Abhijeet Wadkkar, a senior engineer who previously worked for the Indian Railways as a consultant, told The Sunday Guardian: “Contract cancellation or asking for reviews of big projects following regime change can create fear in the infrastructure sector. Investors would fear putting in money and the situation will put pressure on the already poorly managed infrastructure sector of the country.”
“The contracts signed by the government should be treated as sacrosanct; if not, then trust deficit will emerge. No private entity would like to place trust in any contract and you can imagine the scenario if this kind of situation occurs. Today, in implementation of one project, you may see that one company is in charge of the project, but in reality, there are 10 foreign and indigenous companies working together to complete the same project; so a sudden decision like that taken by the Maharashtra government drives fear among all developers and investors involved in the project,” Wadkkar added.
Maharashtra is, however, not alone in going back on ongoing projects. Recently, a similar decision of calling off some infrastructure projects was taken by the Y.S. Jagan Mohan Reddy-led Andhra Pradesh government. Reddy’s decision stalled almost all wind and solar power purchase agreements which were earlier made by the Chandrababu Naidu-led government. The projects which faced cancellation of purchase agreements in Andhra include 21 wind contracts, the Siemens Gamesa 600 MW hybrid project, the Axis Energy hybrid project, energy storage projects and 600 MW of scheduled power projects.
Vijay Ravikanth, an Andhra-based consultant who has worked for many private companies, told The Sunday Guardian: “Green energy is the future of the country and Y.S. Jagan Mohan Reddy’s decision is not only damaging the current energy sector of the state and country, it has also damaged the future prospects of this sector in the country.”
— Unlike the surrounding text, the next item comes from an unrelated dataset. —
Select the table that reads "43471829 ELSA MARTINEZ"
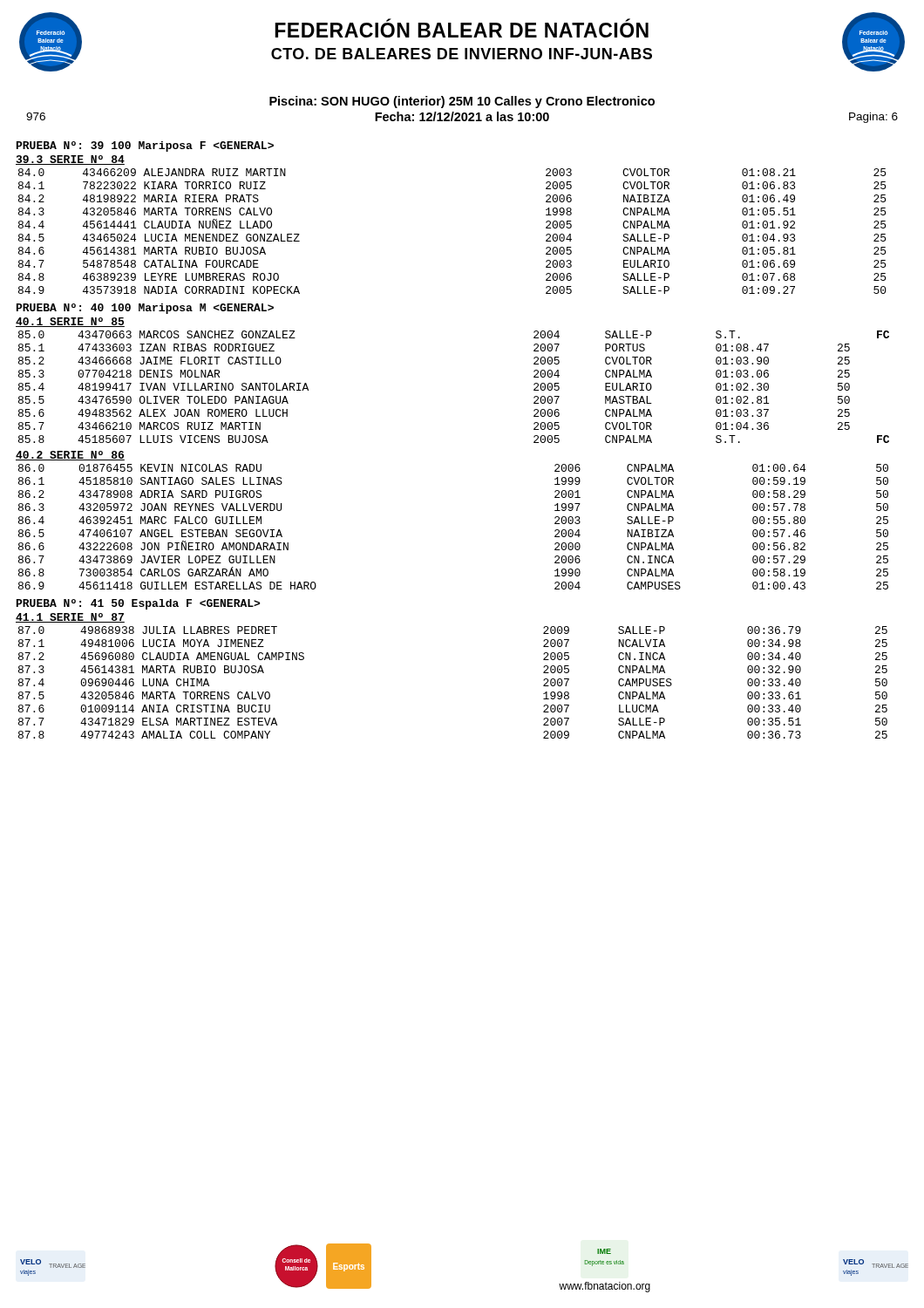924x1308 pixels. 464,683

“Huge cost is involved in pre-construction activity and cancellation of contracts means a loss for companies working on the projects. Apart from this, the sudden cancellation of a contract or a review notice creates uncertainty and dilemma for the contractors. In my view, the government should think rationally and unless there is any discrepancy, the government should avoid taking up such decisions,” Ravikanth said.
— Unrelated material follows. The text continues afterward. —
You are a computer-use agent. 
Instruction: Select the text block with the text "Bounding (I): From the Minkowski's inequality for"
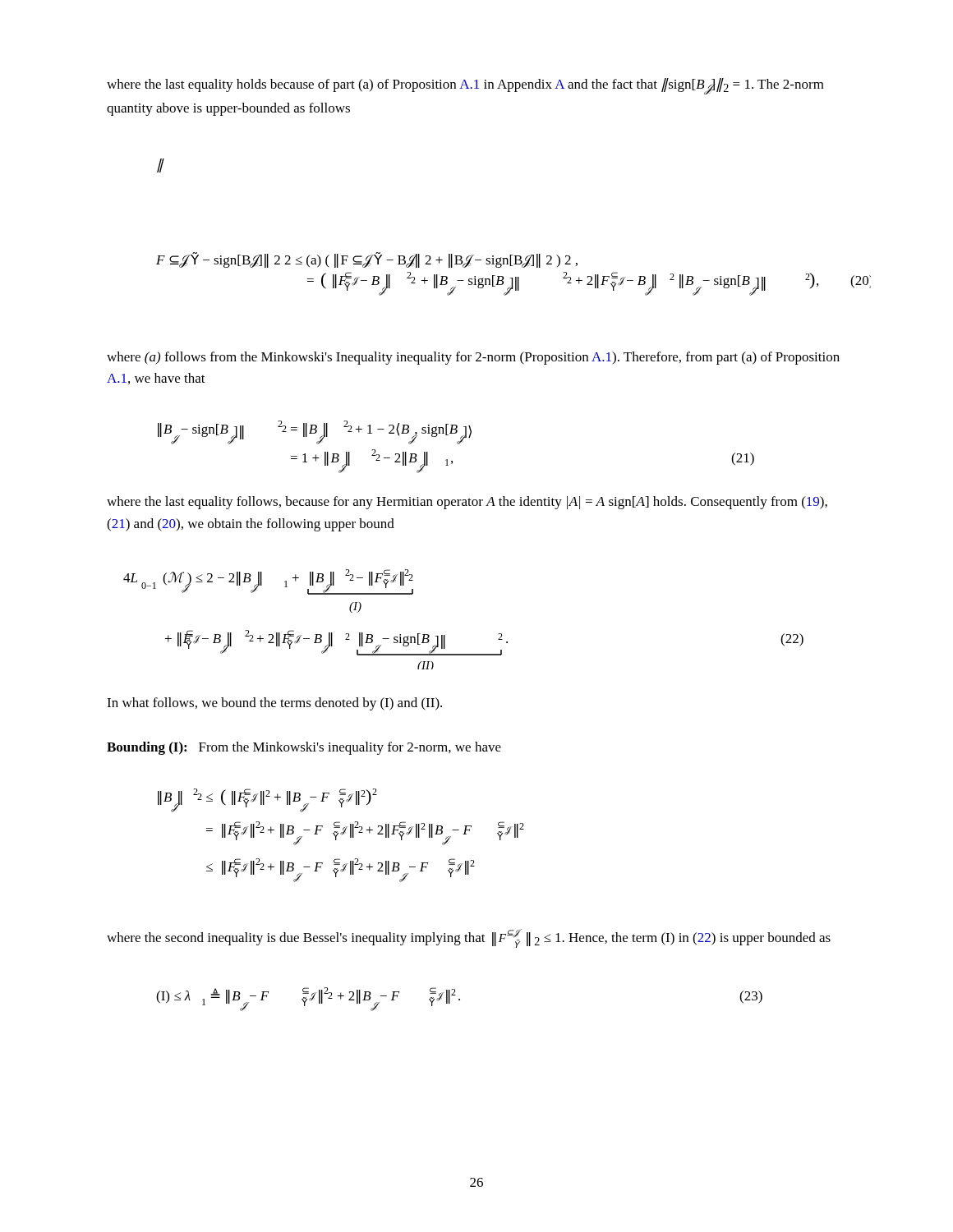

“The country is already struggling with poor infrastructure and such a decision will cause great stress for the sector. Decisions like the one taken by the Andhra government show a lack of seriousness of the ruling class in providing urban infrastructure,” Ravikanth added.
In a similar manner, several infrastructure projects were stopped by the Telangana government and in Delhi too, the Phase-4 Metro project has been delayed due to the slugfest between the BJP-led Central government and the AAP-led government in Delhi.